We will use the library randtoolbox to generate low-discrepancy sequences.

library(randtoolbox)
Loading required package: rngWELL
This is randtoolbox. For an overview, type 'help("randtoolbox")'.

6.4.1 Sobol

Let us visualize a 100-run 2-dimensional Sobol sequence.

D_sobol <- sobol(100, 2)
par(pty="s")
plot(D_sobol)

As we can see, low descrepancy sequences minimize the difference between the proportion of points in a subregion and the proportion of the volume of that subregion. However, they do not necessarily have good projections.

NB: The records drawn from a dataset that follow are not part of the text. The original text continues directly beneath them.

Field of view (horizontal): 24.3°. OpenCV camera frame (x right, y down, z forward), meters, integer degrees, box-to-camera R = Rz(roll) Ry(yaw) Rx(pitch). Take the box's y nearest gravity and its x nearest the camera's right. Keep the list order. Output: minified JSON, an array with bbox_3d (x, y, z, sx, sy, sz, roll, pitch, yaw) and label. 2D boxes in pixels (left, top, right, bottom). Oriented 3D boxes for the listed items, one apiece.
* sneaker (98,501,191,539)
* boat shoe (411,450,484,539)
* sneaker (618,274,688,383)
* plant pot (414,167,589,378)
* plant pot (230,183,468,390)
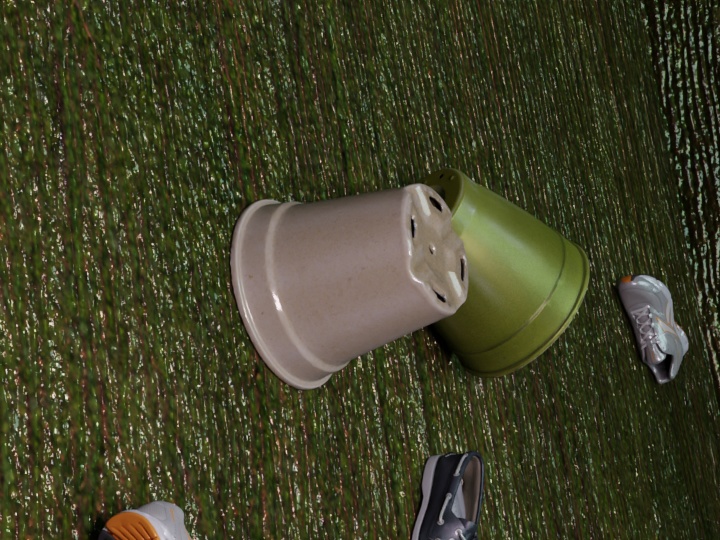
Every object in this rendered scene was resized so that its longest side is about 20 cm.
[{"bbox_3d":[-0.139,0.280,1.360,0.092,0.075,0.201,-27,100,-67],"label":"sneaker"},{"bbox_3d":[0.100,0.283,1.840,0.076,0.060,0.201,46,37,-42],"label":"boat shoe"},{"bbox_3d":[0.460,0.094,2.629,0.200,0.075,0.092,54,37,-31],"label":"sneaker"},{"bbox_3d":[0.130,-0.013,1.954,0.193,0.200,0.201,42,38,-27],"label":"plant pot"},{"bbox_3d":[0.000,0.000,1.677,0.200,0.182,0.202,39,42,-47],"label":"plant pot"}]

The same is true for the Halton sequence in the next section.

6.4.2 Halton

Let us visualize a 100-run 2-dimensional Halton sequence.

D_halton <- halton(100, 2)
par(pty="s")
plot(D_halton)

6.5 Comparison of time taken by each design

Let us compare the time taken by each design to generate a 50-run design in 50 dimensions.

n=50
time_measure <- matrix(0, 10, 6)

# Sobol
time_start <- proc.time()[3]
for(i in 1:10)
{
  D <- sobol(n, 5)
  time_measure[i,1] <- proc.time()[3] - time_start
}

# Halton
time_start <- proc.time()[3]
for(i in 1:10)
{
  D <- halton(n, 5)
  time_measure[i,2] <- proc.time()[3] - time_start
}

# Maximin
time_start <- proc.time()[3]
for(i in 1:10)
{
  D_initial <- matrix(rep(0, 5),1,5)
  D <- maximin(n = n-1, p=5, Xorig = D_initial)$Xf
  time_measure[i,3] <- proc.time()[3] - time_start
}

# MaximinLHD
time_start <- proc.time()[3]
for(i in 1:10)
{
  D <- maximinLHS(n = n, k=5)
  time_measure[i,4] <- proc.time()[3] - time_start
}

# MaxProLHD
time_start <- proc.time()[3]
for(i in 1:10)
{
  Dm <- MaxProLHD(n = n, p = 5)
  time_measure[i,5] <- proc.time()[3] - time_start
}

# MaxPro
time_start <- proc.time()[3]
for(i in 1:10)
{
  D1 <- MaxProLHD(n = n, p = 5)$Design
  d2 <- MaxPro(D1)$Design
  time_measure[i,6] <- proc.time()[3] - time_start
}
boxplot(time_measure, names = c("Sobol", "Halton", "Maximin", "MmLHD", "MProLHD", 
"MaxPro"), ylab = "Time (in seconds)")

Maximin design takes the longest time as there are no constraints in the design criterion.

Let us remove the maximin design from the plot to visualize the comparison of other designs more clearly.

boxplot(time_measure[,-3], names = c("Sobol", "Halton", "MmLHD", "MProLHD", 
"MaxPro"), ylab = "Time (in seconds)")

MaxProLHD and MaxPro take longer time than MmLHD as the MaxPro criterion is optimized.

Let us remove MaxProLHD and MaxPro from the plot to compare the time taken by MmLHD with low descrepancy sequences.

boxplot(time_measure[,-c(3,5:6)], names = c("Sobol", "Halton", "MmLHD"), 
        ylab = "Time (in seconds)")

As expected, MmLHD takes more time as it includes optimization of the MmLHD criterion.